→ EXERCISE REQUIREMENTS: Everything from the line containing "private var myArrowSpec: ArrowSpec?" through the last line of the material below is to be copied exactly, ends included.
····················
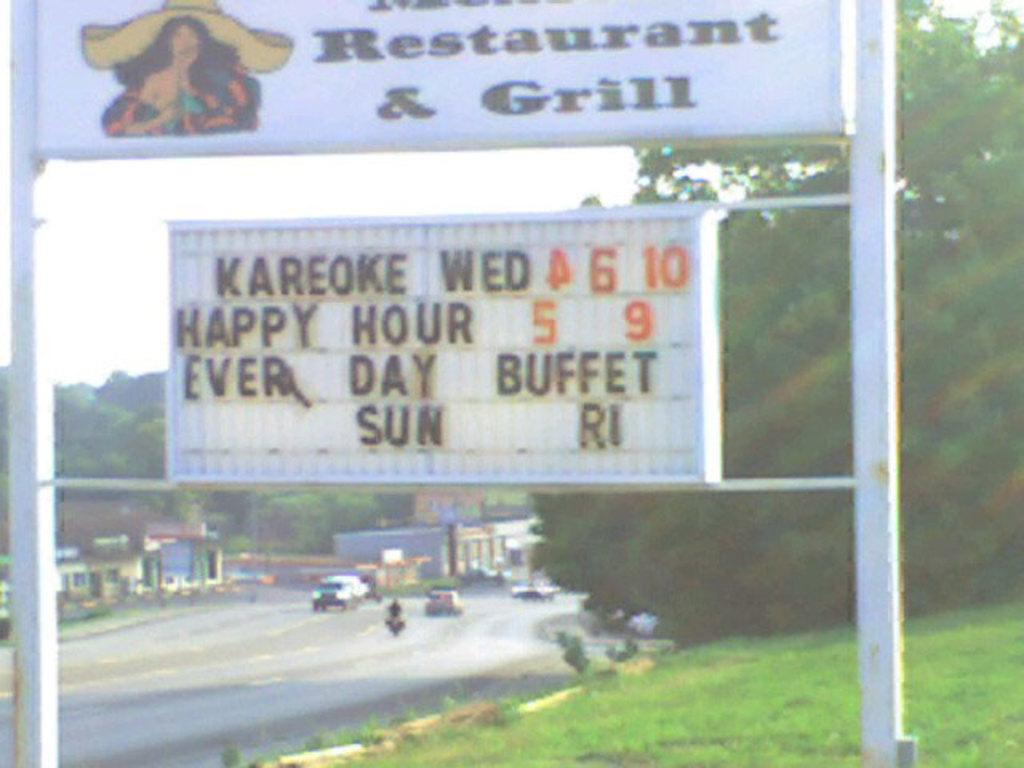<image>
Render a clear and concise summary of the photo. Restaurant and grill that includes a karoke and every day buffet 
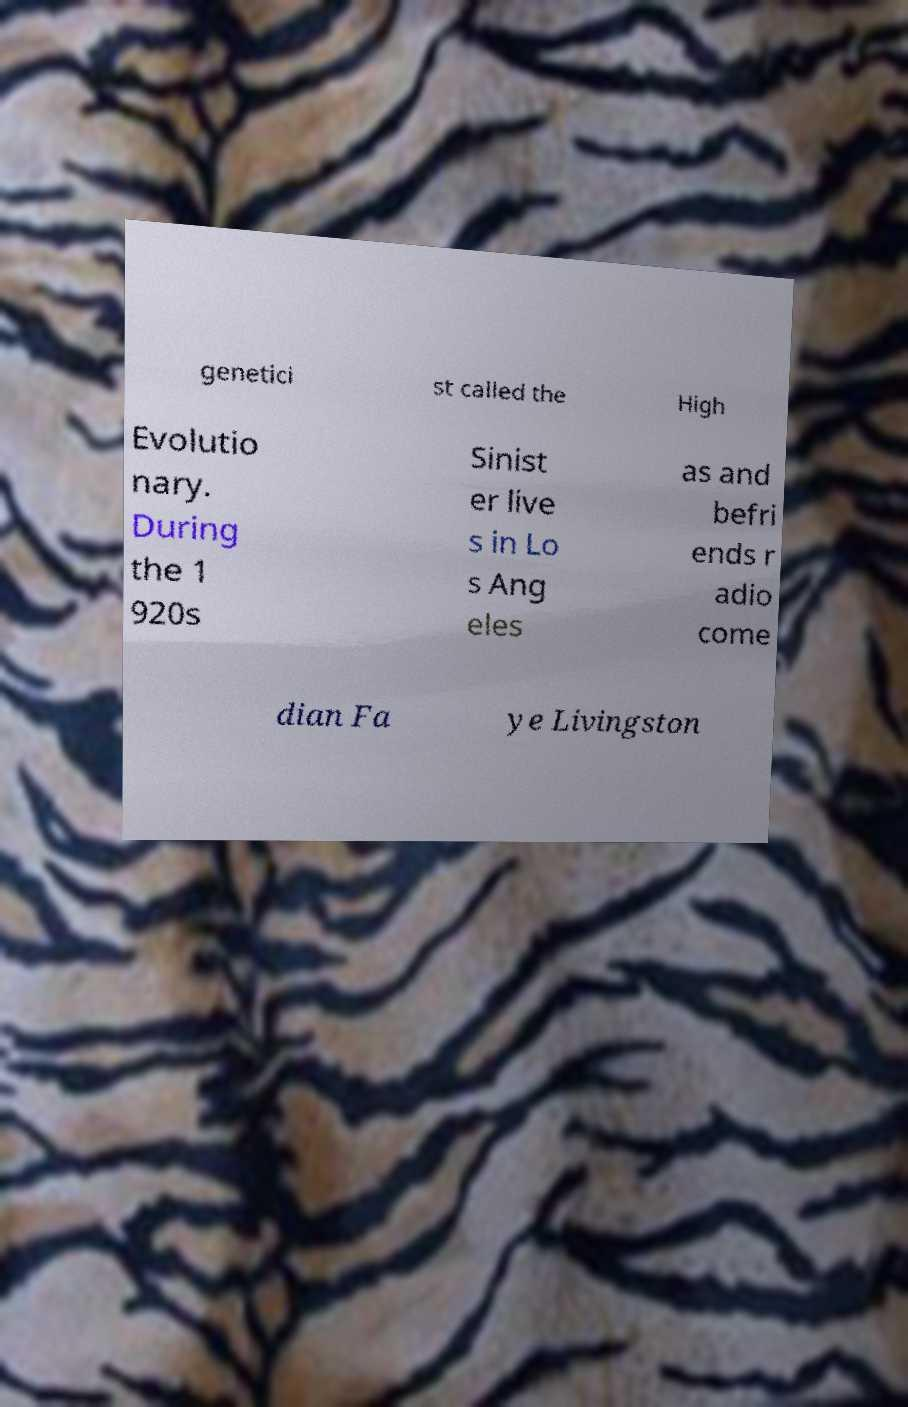Can you read and provide the text displayed in the image?This photo seems to have some interesting text. Can you extract and type it out for me? genetici st called the High Evolutio nary. During the 1 920s Sinist er live s in Lo s Ang eles as and befri ends r adio come dian Fa ye Livingston 
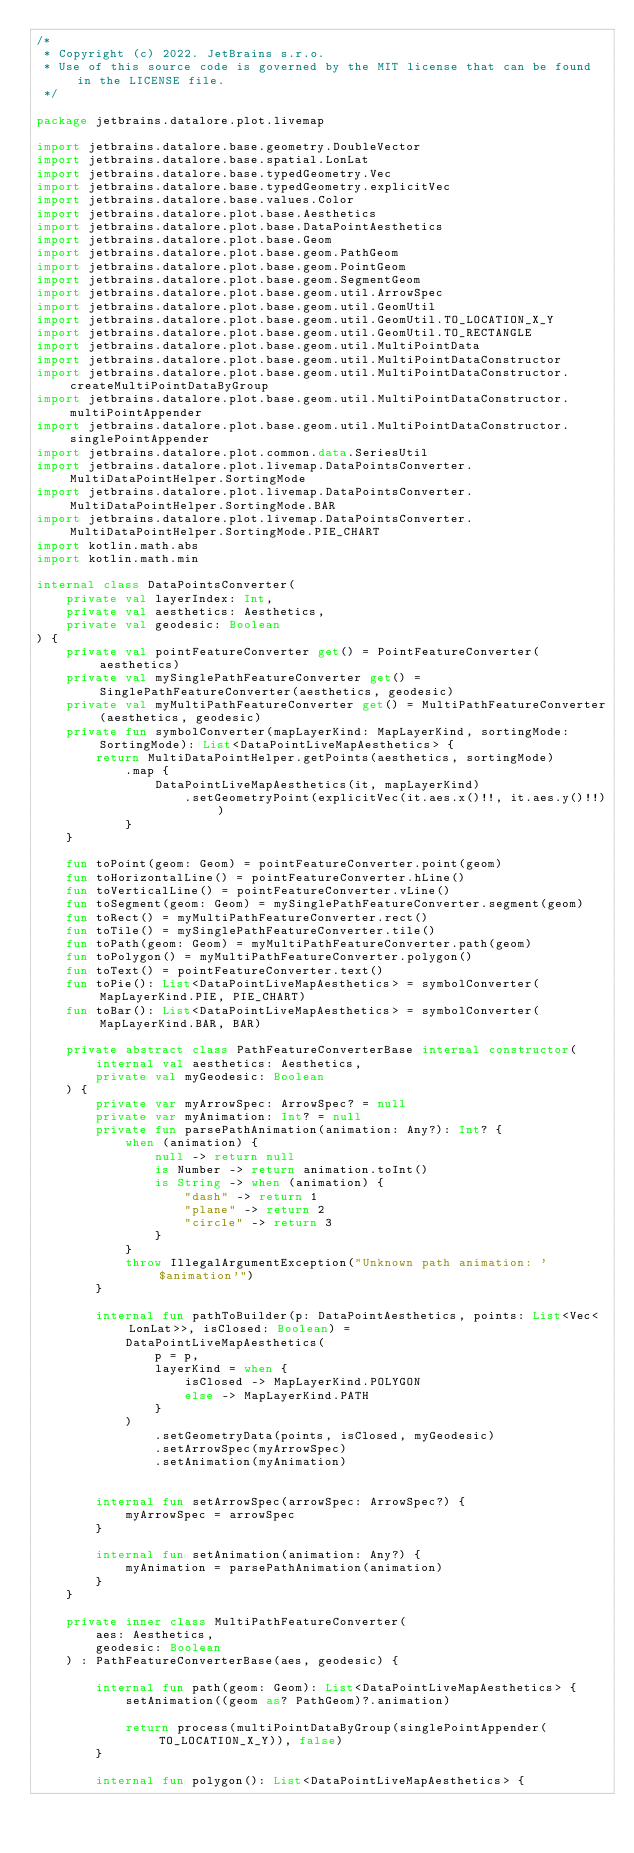Convert code to text. <code><loc_0><loc_0><loc_500><loc_500><_Kotlin_>/*
 * Copyright (c) 2022. JetBrains s.r.o.
 * Use of this source code is governed by the MIT license that can be found in the LICENSE file.
 */

package jetbrains.datalore.plot.livemap

import jetbrains.datalore.base.geometry.DoubleVector
import jetbrains.datalore.base.spatial.LonLat
import jetbrains.datalore.base.typedGeometry.Vec
import jetbrains.datalore.base.typedGeometry.explicitVec
import jetbrains.datalore.base.values.Color
import jetbrains.datalore.plot.base.Aesthetics
import jetbrains.datalore.plot.base.DataPointAesthetics
import jetbrains.datalore.plot.base.Geom
import jetbrains.datalore.plot.base.geom.PathGeom
import jetbrains.datalore.plot.base.geom.PointGeom
import jetbrains.datalore.plot.base.geom.SegmentGeom
import jetbrains.datalore.plot.base.geom.util.ArrowSpec
import jetbrains.datalore.plot.base.geom.util.GeomUtil
import jetbrains.datalore.plot.base.geom.util.GeomUtil.TO_LOCATION_X_Y
import jetbrains.datalore.plot.base.geom.util.GeomUtil.TO_RECTANGLE
import jetbrains.datalore.plot.base.geom.util.MultiPointData
import jetbrains.datalore.plot.base.geom.util.MultiPointDataConstructor
import jetbrains.datalore.plot.base.geom.util.MultiPointDataConstructor.createMultiPointDataByGroup
import jetbrains.datalore.plot.base.geom.util.MultiPointDataConstructor.multiPointAppender
import jetbrains.datalore.plot.base.geom.util.MultiPointDataConstructor.singlePointAppender
import jetbrains.datalore.plot.common.data.SeriesUtil
import jetbrains.datalore.plot.livemap.DataPointsConverter.MultiDataPointHelper.SortingMode
import jetbrains.datalore.plot.livemap.DataPointsConverter.MultiDataPointHelper.SortingMode.BAR
import jetbrains.datalore.plot.livemap.DataPointsConverter.MultiDataPointHelper.SortingMode.PIE_CHART
import kotlin.math.abs
import kotlin.math.min

internal class DataPointsConverter(
    private val layerIndex: Int,
    private val aesthetics: Aesthetics,
    private val geodesic: Boolean
) {
    private val pointFeatureConverter get() = PointFeatureConverter(aesthetics)
    private val mySinglePathFeatureConverter get() = SinglePathFeatureConverter(aesthetics, geodesic)
    private val myMultiPathFeatureConverter get() = MultiPathFeatureConverter(aesthetics, geodesic)
    private fun symbolConverter(mapLayerKind: MapLayerKind, sortingMode: SortingMode): List<DataPointLiveMapAesthetics> {
        return MultiDataPointHelper.getPoints(aesthetics, sortingMode)
            .map {
                DataPointLiveMapAesthetics(it, mapLayerKind)
                    .setGeometryPoint(explicitVec(it.aes.x()!!, it.aes.y()!!))
            }
    }

    fun toPoint(geom: Geom) = pointFeatureConverter.point(geom)
    fun toHorizontalLine() = pointFeatureConverter.hLine()
    fun toVerticalLine() = pointFeatureConverter.vLine()
    fun toSegment(geom: Geom) = mySinglePathFeatureConverter.segment(geom)
    fun toRect() = myMultiPathFeatureConverter.rect()
    fun toTile() = mySinglePathFeatureConverter.tile()
    fun toPath(geom: Geom) = myMultiPathFeatureConverter.path(geom)
    fun toPolygon() = myMultiPathFeatureConverter.polygon()
    fun toText() = pointFeatureConverter.text()
    fun toPie(): List<DataPointLiveMapAesthetics> = symbolConverter(MapLayerKind.PIE, PIE_CHART)
    fun toBar(): List<DataPointLiveMapAesthetics> = symbolConverter(MapLayerKind.BAR, BAR)

    private abstract class PathFeatureConverterBase internal constructor(
        internal val aesthetics: Aesthetics,
        private val myGeodesic: Boolean
    ) {
        private var myArrowSpec: ArrowSpec? = null
        private var myAnimation: Int? = null
        private fun parsePathAnimation(animation: Any?): Int? {
            when (animation) {
                null -> return null
                is Number -> return animation.toInt()
                is String -> when (animation) {
                    "dash" -> return 1
                    "plane" -> return 2
                    "circle" -> return 3
                }
            }
            throw IllegalArgumentException("Unknown path animation: '$animation'")
        }

        internal fun pathToBuilder(p: DataPointAesthetics, points: List<Vec<LonLat>>, isClosed: Boolean) =
            DataPointLiveMapAesthetics(
                p = p,
                layerKind = when {
                    isClosed -> MapLayerKind.POLYGON
                    else -> MapLayerKind.PATH
                }
            )
                .setGeometryData(points, isClosed, myGeodesic)
                .setArrowSpec(myArrowSpec)
                .setAnimation(myAnimation)


        internal fun setArrowSpec(arrowSpec: ArrowSpec?) {
            myArrowSpec = arrowSpec
        }

        internal fun setAnimation(animation: Any?) {
            myAnimation = parsePathAnimation(animation)
        }
    }

    private inner class MultiPathFeatureConverter(
        aes: Aesthetics,
        geodesic: Boolean
    ) : PathFeatureConverterBase(aes, geodesic) {

        internal fun path(geom: Geom): List<DataPointLiveMapAesthetics> {
            setAnimation((geom as? PathGeom)?.animation)

            return process(multiPointDataByGroup(singlePointAppender(TO_LOCATION_X_Y)), false)
        }

        internal fun polygon(): List<DataPointLiveMapAesthetics> {</code>
····················
→ ANSWER SPACE:
        private var myArrowSpec: ArrowSpec? = null
        private var myAnimation: Int? = null
        private fun parsePathAnimation(animation: Any?): Int? {
            when (animation) {
                null -> return null
                is Number -> return animation.toInt()
                is String -> when (animation) {
                    "dash" -> return 1
                    "plane" -> return 2
                    "circle" -> return 3
                }
            }
            throw IllegalArgumentException("Unknown path animation: '$animation'")
        }

        internal fun pathToBuilder(p: DataPointAesthetics, points: List<Vec<LonLat>>, isClosed: Boolean) =
            DataPointLiveMapAesthetics(
                p = p,
                layerKind = when {
                    isClosed -> MapLayerKind.POLYGON
                    else -> MapLayerKind.PATH
                }
            )
                .setGeometryData(points, isClosed, myGeodesic)
                .setArrowSpec(myArrowSpec)
                .setAnimation(myAnimation)


        internal fun setArrowSpec(arrowSpec: ArrowSpec?) {
            myArrowSpec = arrowSpec
        }

        internal fun setAnimation(animation: Any?) {
            myAnimation = parsePathAnimation(animation)
        }
    }

    private inner class MultiPathFeatureConverter(
        aes: Aesthetics,
        geodesic: Boolean
    ) : PathFeatureConverterBase(aes, geodesic) {

        internal fun path(geom: Geom): List<DataPointLiveMapAesthetics> {
            setAnimation((geom as? PathGeom)?.animation)

            return process(multiPointDataByGroup(singlePointAppender(TO_LOCATION_X_Y)), false)
        }

        internal fun polygon(): List<DataPointLiveMapAesthetics> {</code>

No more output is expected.